In Figure 4, we see that once we move into the genuine Forecast period, not a single data point in any of the three satellite series ever hit the mean projection of global temperature. Furthermore, as of the most recent observation, two out of three of the datasets lie below the 95% spread—and one of these series (UAH v6.0) spent much of the entire forecast period below the spread.
If the above results don’t make the establishment climate scientists admit to the public, “Yep, our models have been running hot, making projections of temperature increases that haven’t been observed,” then what would?
To repeat, Figures 3 and 4 are not taken from the Heartland Institute or Richard Lindzen’s website. Instead, they are taken from the people who think those figures vindicate the orthodox perspective on climate change. I invite the reader to peruse the relevant blog posts (here and here for an earlier, fuller discussion), where the RealClimate blogger interprets these charts. There really isn’t much commentary at all on the awkward satellite observations, and regarding the surface datasets, we are told that, “The current temperatures are well within the model envelope.”
Conclusion
In this post, I developed a long but hopefully intuitive fable about a carnival wager involving coin tosses. In that context, we saw quite clearly what it means for observations to “fall within the 95% spread,” even if they are flirting with its lower boundary.

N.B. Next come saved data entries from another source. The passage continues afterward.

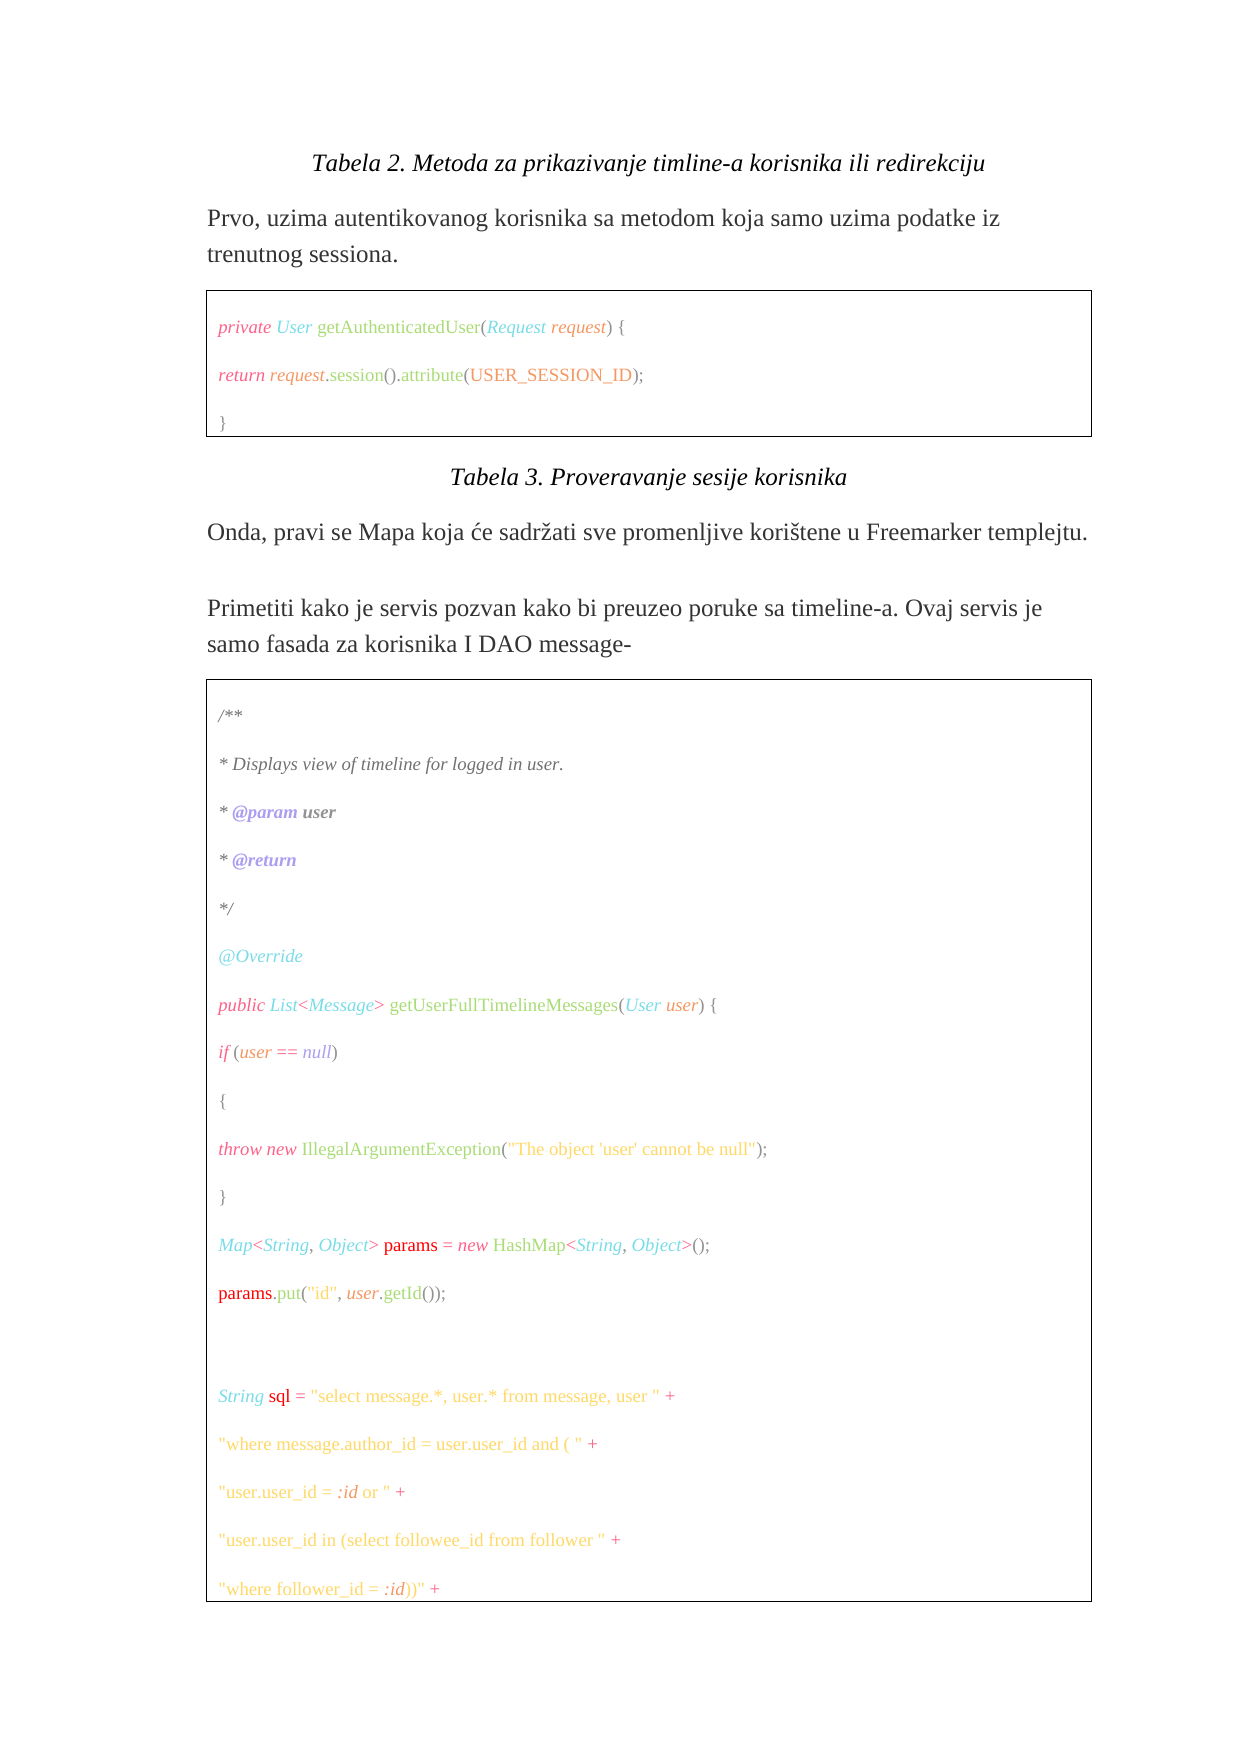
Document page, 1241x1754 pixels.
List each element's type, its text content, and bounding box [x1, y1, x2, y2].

text Tabela 3. Proveravanje sesije korisnika [207, 462, 1092, 490]
text Primetiti kako je servis pozvan kako bi preuzeo poruke sa timeline-a. Ovaj servis je samo fasada za korisnika I DAO message- [207, 593, 1092, 657]
text Prvo, uzima autentikovanog korisnika sa metodom koja samo uzima podatke iz trenutnog sessiona. [207, 203, 1092, 268]
table_header private User getAuthenticatedUser(Request request) { return request.session().attribute(USER_SESSION_ID); } [207, 291, 1091, 436]
table_header /** * Displays view of timeline for logged in user. * @param user * @return */ @Override public List<Message> getUserFullTimelineMessages(User user) { if (user == null) { throw new IllegalArgumentException("The object 'user' cannot be null"); } Map<String, Object> params = new HashMap<String, Object>(); params.put("id", user.getId()); String sql = "select message.*, user.* from message, user " + "where message.author_id = user.user_id and ( " + "user.user_id = :id or " + "user.user_id in (select followee_id from follower " + "where follower_id = :id))" + [207, 680, 1091, 1601]
text Tabela 2. Metoda za prikazivanje timline-a korisnika ili redirekciju [207, 148, 1092, 176]
text Onda, pravi se Mapa koja će sadržati sve promenljive korištene u Freemarker templejtu. [207, 517, 1092, 546]

There is an analogous situation with respect to the climate models. A few vocal scientists and many activists are pressuring political officials and the public to support massive tax hikes and new regulations in order to mitigate the threat of catastrophic climate change. Yet one of the crucial planks in their argument—namely, that we can trust the alarming computer simulations of global warming—rely on models that have clearly been overpredicting global temperature. The fact that the defenders of the orthodoxy won’t even acknowledge their own damning charts should give any honest citizen pause.
_________________________________
[1] Thanks to Derrick Reiner for helping me construct the two graphs illustrating the coin-flipping example.